» **EXCERPTED RECORDS**:
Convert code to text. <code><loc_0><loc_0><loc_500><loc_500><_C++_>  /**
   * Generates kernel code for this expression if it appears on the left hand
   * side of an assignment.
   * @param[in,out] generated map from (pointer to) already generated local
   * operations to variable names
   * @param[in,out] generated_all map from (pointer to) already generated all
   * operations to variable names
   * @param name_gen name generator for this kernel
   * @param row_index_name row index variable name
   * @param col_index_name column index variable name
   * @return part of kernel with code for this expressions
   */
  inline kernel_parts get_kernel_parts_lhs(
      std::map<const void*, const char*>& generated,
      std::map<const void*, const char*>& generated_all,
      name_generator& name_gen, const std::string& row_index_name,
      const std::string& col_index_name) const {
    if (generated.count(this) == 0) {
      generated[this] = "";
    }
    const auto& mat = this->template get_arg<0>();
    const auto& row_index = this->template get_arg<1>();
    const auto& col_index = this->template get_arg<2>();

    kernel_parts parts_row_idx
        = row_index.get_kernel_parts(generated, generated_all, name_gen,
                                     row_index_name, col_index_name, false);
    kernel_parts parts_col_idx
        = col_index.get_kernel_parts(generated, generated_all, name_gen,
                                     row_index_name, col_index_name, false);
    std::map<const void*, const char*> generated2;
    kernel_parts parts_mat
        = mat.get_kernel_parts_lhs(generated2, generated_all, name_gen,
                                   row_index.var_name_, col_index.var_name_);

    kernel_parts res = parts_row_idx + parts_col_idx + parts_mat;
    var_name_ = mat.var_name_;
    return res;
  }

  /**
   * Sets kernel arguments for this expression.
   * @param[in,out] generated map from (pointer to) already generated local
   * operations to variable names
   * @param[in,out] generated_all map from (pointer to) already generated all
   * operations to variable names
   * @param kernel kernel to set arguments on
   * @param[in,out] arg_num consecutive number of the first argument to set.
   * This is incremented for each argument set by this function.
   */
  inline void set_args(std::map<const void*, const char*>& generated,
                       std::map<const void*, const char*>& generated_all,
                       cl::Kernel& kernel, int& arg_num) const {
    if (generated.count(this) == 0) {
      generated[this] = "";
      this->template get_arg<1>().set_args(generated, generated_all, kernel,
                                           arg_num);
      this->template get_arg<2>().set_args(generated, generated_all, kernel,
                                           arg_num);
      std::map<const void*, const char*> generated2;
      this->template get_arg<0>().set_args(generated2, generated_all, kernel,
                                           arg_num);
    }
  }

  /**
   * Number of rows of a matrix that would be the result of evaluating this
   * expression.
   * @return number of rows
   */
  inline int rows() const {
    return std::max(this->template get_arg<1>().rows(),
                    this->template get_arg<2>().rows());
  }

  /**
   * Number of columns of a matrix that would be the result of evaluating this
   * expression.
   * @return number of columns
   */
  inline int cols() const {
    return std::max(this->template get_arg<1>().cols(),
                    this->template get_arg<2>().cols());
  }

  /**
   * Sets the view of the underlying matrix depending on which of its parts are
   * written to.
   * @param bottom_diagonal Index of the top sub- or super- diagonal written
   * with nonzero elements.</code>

» **INSTRUCTIONS FOR THE TASK**: Every entry above should be retyped exactly as it appears.

» **SOLVED EXERCISE**:
Convert code to text. <code><loc_0><loc_0><loc_500><loc_500><_C++_>  /**
   * Generates kernel code for this expression if it appears on the left hand
   * side of an assignment.
   * @param[in,out] generated map from (pointer to) already generated local
   * operations to variable names
   * @param[in,out] generated_all map from (pointer to) already generated all
   * operations to variable names
   * @param name_gen name generator for this kernel
   * @param row_index_name row index variable name
   * @param col_index_name column index variable name
   * @return part of kernel with code for this expressions
   */
  inline kernel_parts get_kernel_parts_lhs(
      std::map<const void*, const char*>& generated,
      std::map<const void*, const char*>& generated_all,
      name_generator& name_gen, const std::string& row_index_name,
      const std::string& col_index_name) const {
    if (generated.count(this) == 0) {
      generated[this] = "";
    }
    const auto& mat = this->template get_arg<0>();
    const auto& row_index = this->template get_arg<1>();
    const auto& col_index = this->template get_arg<2>();

    kernel_parts parts_row_idx
        = row_index.get_kernel_parts(generated, generated_all, name_gen,
                                     row_index_name, col_index_name, false);
    kernel_parts parts_col_idx
        = col_index.get_kernel_parts(generated, generated_all, name_gen,
                                     row_index_name, col_index_name, false);
    std::map<const void*, const char*> generated2;
    kernel_parts parts_mat
        = mat.get_kernel_parts_lhs(generated2, generated_all, name_gen,
                                   row_index.var_name_, col_index.var_name_);

    kernel_parts res = parts_row_idx + parts_col_idx + parts_mat;
    var_name_ = mat.var_name_;
    return res;
  }

  /**
   * Sets kernel arguments for this expression.
   * @param[in,out] generated map from (pointer to) already generated local
   * operations to variable names
   * @param[in,out] generated_all map from (pointer to) already generated all
   * operations to variable names
   * @param kernel kernel to set arguments on
   * @param[in,out] arg_num consecutive number of the first argument to set.
   * This is incremented for each argument set by this function.
   */
  inline void set_args(std::map<const void*, const char*>& generated,
                       std::map<const void*, const char*>& generated_all,
                       cl::Kernel& kernel, int& arg_num) const {
    if (generated.count(this) == 0) {
      generated[this] = "";
      this->template get_arg<1>().set_args(generated, generated_all, kernel,
                                           arg_num);
      this->template get_arg<2>().set_args(generated, generated_all, kernel,
                                           arg_num);
      std::map<const void*, const char*> generated2;
      this->template get_arg<0>().set_args(generated2, generated_all, kernel,
                                           arg_num);
    }
  }

  /**
   * Number of rows of a matrix that would be the result of evaluating this
   * expression.
   * @return number of rows
   */
  inline int rows() const {
    return std::max(this->template get_arg<1>().rows(),
                    this->template get_arg<2>().rows());
  }

  /**
   * Number of columns of a matrix that would be the result of evaluating this
   * expression.
   * @return number of columns
   */
  inline int cols() const {
    return std::max(this->template get_arg<1>().cols(),
                    this->template get_arg<2>().cols());
  }

  /**
   * Sets the view of the underlying matrix depending on which of its parts are
   * written to.
   * @param bottom_diagonal Index of the top sub- or super- diagonal written
   * with nonzero elements.</code>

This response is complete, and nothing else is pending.